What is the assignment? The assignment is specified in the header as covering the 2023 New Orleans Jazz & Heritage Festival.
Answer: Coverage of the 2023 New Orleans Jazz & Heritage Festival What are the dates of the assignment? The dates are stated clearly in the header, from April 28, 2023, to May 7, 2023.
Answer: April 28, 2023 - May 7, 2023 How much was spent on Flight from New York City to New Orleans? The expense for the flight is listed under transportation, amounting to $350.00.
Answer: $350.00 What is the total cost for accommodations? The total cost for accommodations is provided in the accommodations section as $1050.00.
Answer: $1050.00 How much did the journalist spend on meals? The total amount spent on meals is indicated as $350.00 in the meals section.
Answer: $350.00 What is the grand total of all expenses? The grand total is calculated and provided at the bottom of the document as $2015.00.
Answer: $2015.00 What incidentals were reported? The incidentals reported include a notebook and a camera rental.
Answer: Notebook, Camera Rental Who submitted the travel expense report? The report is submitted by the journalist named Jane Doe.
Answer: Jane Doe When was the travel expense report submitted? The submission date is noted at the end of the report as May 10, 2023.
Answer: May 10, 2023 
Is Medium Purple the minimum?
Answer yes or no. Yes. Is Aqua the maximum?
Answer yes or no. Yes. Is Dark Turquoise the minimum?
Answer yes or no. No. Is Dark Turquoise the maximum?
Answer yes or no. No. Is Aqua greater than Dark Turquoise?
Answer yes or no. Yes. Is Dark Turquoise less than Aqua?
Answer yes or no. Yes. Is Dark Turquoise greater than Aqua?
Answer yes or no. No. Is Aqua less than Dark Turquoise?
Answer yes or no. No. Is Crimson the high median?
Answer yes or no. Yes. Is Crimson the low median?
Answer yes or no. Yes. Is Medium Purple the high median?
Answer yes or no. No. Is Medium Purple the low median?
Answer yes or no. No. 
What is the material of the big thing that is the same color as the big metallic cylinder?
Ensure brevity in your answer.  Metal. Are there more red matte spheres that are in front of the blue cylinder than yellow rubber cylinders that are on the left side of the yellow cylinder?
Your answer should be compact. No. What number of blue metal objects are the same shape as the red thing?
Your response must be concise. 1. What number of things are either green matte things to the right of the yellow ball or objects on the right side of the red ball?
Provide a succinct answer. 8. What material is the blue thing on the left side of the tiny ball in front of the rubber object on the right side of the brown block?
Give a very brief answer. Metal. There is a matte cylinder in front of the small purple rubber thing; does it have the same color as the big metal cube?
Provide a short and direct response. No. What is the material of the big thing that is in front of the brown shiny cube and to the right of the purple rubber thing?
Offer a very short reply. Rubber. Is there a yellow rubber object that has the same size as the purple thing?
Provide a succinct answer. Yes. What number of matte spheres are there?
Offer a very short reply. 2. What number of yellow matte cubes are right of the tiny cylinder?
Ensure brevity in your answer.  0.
++++++
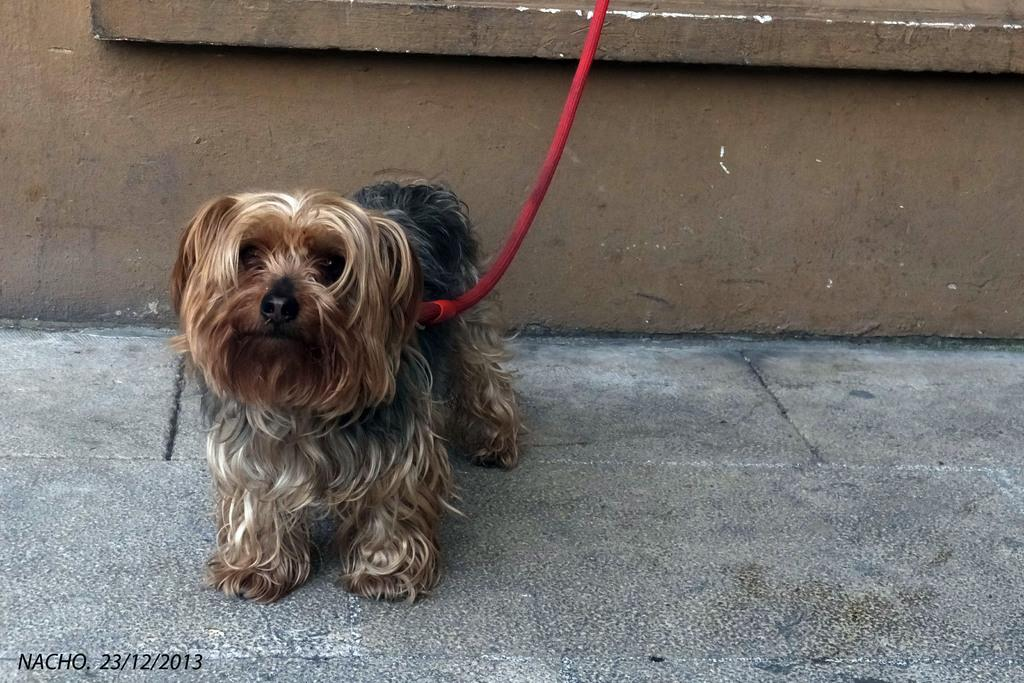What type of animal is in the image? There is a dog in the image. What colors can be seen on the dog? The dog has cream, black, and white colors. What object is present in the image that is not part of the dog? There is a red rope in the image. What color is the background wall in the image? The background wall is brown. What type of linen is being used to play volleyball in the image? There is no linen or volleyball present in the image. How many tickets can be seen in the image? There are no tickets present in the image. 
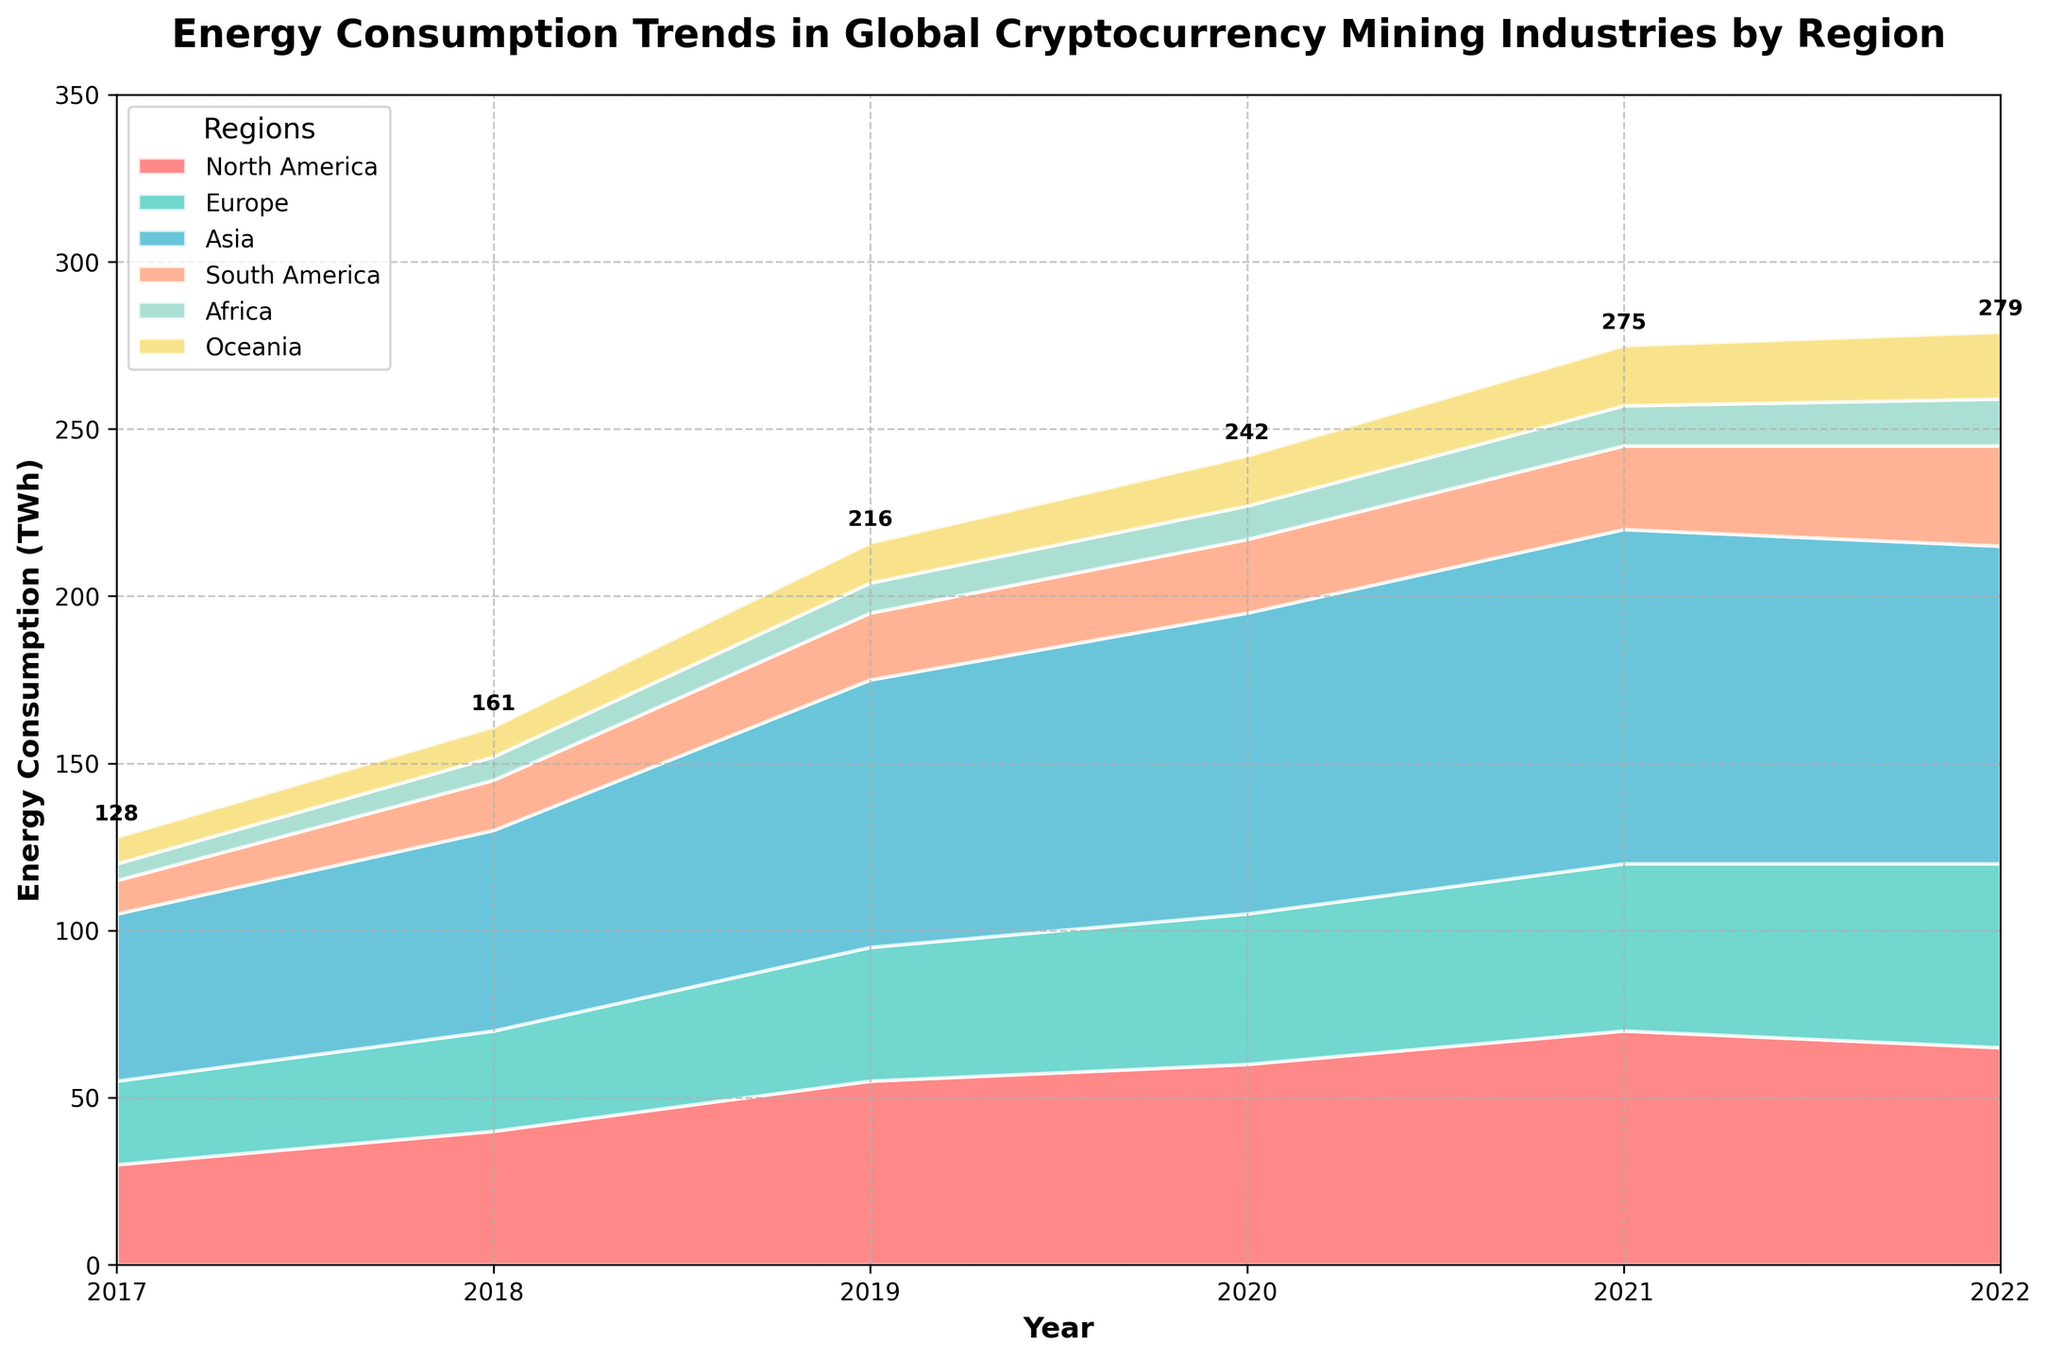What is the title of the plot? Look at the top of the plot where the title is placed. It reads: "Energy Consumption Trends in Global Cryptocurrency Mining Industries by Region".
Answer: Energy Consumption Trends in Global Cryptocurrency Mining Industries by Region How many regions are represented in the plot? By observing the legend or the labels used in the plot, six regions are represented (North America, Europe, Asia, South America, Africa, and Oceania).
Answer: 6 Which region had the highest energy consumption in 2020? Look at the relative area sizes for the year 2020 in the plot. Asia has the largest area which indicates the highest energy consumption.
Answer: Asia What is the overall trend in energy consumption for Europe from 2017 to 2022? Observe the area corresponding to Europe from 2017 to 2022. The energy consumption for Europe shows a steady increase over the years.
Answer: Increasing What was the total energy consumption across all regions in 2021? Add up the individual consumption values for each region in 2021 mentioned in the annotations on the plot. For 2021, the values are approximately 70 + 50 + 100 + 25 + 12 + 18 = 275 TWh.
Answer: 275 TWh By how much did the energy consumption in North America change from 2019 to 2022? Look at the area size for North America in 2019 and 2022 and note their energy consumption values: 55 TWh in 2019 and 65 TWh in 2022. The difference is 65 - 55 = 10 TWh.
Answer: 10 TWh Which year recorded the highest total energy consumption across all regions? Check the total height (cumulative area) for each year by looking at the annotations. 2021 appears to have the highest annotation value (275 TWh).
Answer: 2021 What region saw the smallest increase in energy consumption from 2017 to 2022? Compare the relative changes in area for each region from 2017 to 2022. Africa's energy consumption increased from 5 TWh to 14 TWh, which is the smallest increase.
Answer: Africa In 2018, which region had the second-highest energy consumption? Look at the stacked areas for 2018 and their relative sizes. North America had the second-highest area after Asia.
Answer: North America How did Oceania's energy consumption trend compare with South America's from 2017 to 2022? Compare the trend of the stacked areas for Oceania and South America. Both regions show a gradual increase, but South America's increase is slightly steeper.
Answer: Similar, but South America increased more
++++++
PROBLEM DESCRIPTION – When a line in the data contains the string "reply", copy that line.

EXPECTED ANSWER –
Offer a very short reply. Rubber. Is there a yellow rubber object that has the same size as the purple thing?
Offer a very short reply. 2. What number of yellow matte cubes are right of the tiny cylinder?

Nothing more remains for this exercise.